▶ [Data section]:
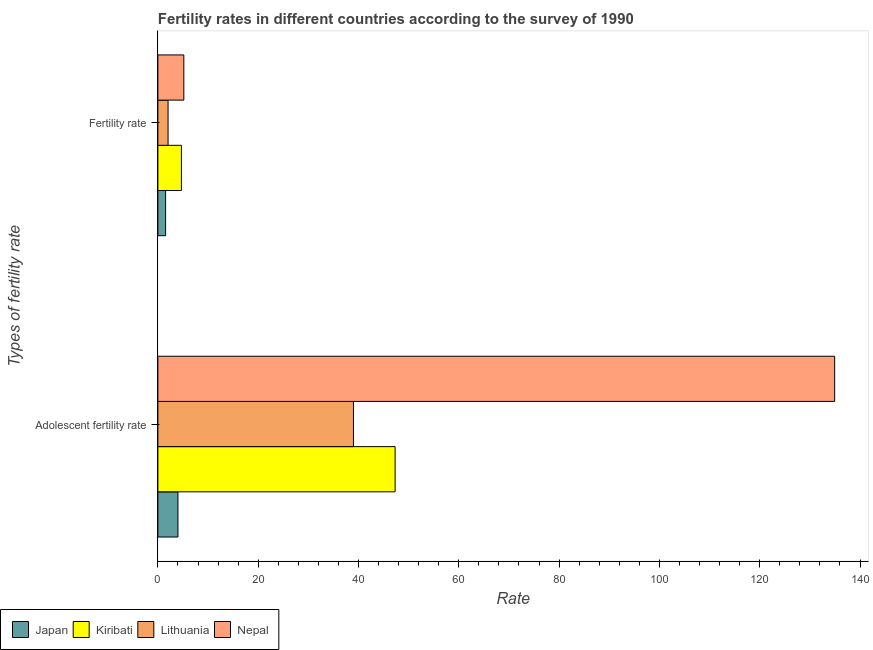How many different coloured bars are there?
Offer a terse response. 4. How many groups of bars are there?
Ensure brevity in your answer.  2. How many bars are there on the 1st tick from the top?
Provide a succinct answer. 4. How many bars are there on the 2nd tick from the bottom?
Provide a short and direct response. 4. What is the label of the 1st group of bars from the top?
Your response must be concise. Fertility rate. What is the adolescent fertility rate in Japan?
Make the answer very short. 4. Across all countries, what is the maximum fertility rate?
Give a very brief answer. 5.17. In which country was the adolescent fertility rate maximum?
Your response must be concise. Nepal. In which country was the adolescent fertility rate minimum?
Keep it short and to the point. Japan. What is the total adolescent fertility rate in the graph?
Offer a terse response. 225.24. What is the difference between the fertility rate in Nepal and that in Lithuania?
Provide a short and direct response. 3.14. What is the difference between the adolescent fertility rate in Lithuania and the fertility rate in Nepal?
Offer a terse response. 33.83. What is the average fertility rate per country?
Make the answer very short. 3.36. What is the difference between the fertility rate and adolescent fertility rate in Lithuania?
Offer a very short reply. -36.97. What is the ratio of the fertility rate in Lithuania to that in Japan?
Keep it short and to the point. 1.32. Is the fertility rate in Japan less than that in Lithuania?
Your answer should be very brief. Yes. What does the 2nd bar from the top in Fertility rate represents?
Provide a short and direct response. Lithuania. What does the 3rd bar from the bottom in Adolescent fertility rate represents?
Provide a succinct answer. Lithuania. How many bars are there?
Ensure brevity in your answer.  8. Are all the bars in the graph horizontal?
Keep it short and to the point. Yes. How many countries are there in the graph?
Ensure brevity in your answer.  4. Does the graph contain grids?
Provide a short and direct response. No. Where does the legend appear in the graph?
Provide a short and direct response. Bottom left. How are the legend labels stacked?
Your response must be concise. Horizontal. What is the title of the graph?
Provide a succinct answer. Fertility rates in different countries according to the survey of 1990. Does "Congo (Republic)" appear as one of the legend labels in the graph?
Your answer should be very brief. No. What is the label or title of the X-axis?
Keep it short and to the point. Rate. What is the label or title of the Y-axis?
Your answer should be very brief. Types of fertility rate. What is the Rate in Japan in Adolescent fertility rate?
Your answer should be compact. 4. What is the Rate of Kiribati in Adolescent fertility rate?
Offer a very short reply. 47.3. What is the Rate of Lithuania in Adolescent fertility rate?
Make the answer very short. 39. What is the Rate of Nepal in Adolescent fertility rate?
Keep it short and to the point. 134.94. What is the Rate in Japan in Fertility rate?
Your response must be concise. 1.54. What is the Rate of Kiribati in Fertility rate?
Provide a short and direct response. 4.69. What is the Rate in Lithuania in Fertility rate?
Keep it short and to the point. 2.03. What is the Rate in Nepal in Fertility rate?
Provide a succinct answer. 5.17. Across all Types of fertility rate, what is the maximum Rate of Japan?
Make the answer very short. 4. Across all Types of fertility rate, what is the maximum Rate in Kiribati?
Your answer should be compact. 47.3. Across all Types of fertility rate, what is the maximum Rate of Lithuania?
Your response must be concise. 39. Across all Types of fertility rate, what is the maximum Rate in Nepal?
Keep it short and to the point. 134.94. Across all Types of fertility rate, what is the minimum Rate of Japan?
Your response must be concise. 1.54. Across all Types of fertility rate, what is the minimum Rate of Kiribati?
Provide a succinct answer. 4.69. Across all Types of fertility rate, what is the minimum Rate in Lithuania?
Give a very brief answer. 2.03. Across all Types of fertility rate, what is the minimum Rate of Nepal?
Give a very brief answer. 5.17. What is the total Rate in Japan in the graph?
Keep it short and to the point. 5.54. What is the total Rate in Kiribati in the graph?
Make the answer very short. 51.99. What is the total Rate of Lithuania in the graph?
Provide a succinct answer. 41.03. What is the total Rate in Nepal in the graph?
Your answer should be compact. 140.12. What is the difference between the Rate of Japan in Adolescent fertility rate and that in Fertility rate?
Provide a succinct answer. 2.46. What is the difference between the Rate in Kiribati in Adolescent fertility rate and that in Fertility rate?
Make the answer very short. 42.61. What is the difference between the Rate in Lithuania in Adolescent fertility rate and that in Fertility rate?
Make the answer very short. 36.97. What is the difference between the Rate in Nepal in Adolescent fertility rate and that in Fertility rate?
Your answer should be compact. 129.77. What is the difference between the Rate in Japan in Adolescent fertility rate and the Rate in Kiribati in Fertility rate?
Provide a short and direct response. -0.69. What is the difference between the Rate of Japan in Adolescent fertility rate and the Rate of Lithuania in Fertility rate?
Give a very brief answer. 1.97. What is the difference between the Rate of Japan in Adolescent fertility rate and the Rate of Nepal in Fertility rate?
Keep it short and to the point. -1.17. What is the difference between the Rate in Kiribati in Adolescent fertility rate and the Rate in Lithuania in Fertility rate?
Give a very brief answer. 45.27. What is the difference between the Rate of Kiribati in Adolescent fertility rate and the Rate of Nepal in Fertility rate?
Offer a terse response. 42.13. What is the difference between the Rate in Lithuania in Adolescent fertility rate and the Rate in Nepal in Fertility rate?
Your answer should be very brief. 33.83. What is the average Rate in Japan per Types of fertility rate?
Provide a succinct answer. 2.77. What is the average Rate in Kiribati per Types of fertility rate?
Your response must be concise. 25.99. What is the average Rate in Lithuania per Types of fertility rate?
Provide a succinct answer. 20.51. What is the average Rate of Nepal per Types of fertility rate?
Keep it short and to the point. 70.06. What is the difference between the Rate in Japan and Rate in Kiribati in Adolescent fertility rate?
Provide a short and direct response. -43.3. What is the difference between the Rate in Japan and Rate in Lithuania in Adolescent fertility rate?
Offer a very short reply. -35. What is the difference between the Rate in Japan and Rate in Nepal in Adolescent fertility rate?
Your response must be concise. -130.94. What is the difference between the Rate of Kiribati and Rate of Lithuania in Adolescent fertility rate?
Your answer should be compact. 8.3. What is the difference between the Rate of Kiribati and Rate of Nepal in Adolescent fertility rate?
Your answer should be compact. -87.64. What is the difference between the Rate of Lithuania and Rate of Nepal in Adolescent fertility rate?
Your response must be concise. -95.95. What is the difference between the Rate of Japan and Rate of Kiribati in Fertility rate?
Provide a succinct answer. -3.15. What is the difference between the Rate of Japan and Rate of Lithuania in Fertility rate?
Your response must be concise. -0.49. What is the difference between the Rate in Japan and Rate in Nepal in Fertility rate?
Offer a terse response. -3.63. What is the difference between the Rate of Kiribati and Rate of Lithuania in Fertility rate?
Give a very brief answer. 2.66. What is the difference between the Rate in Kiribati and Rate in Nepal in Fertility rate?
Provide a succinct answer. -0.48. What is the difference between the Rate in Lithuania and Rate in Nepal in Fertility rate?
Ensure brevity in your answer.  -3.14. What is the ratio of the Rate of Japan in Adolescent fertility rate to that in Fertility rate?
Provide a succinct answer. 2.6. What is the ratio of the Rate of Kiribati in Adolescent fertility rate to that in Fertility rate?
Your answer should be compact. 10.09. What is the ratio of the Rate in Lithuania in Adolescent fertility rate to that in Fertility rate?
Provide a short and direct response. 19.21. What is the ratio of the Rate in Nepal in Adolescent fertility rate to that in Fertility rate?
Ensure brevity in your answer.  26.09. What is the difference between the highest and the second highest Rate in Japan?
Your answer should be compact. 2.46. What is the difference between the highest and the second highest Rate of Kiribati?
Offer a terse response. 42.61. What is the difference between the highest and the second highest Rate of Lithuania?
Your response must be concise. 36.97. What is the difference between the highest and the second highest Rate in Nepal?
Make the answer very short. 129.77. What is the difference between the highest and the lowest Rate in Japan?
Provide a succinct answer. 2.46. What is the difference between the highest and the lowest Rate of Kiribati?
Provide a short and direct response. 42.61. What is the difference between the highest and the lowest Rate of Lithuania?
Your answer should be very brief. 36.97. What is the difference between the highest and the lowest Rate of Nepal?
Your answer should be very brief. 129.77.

▶ [Brief]: Begin at the first line of the material and copy each line exactly through the one containing "Make the answer very short. 4. Across all countries, what". Omit pictures.

▶ [Reply to the task]:
How many different coloured bars are there?
Offer a terse response. 4. How many groups of bars are there?
Ensure brevity in your answer.  2. How many bars are there on the 1st tick from the top?
Provide a succinct answer. 4. How many bars are there on the 2nd tick from the bottom?
Provide a short and direct response. 4. What is the label of the 1st group of bars from the top?
Your response must be concise. Fertility rate. What is the adolescent fertility rate in Japan?
Make the answer very short. 4. Across all countries, what is the maximum fertility rate?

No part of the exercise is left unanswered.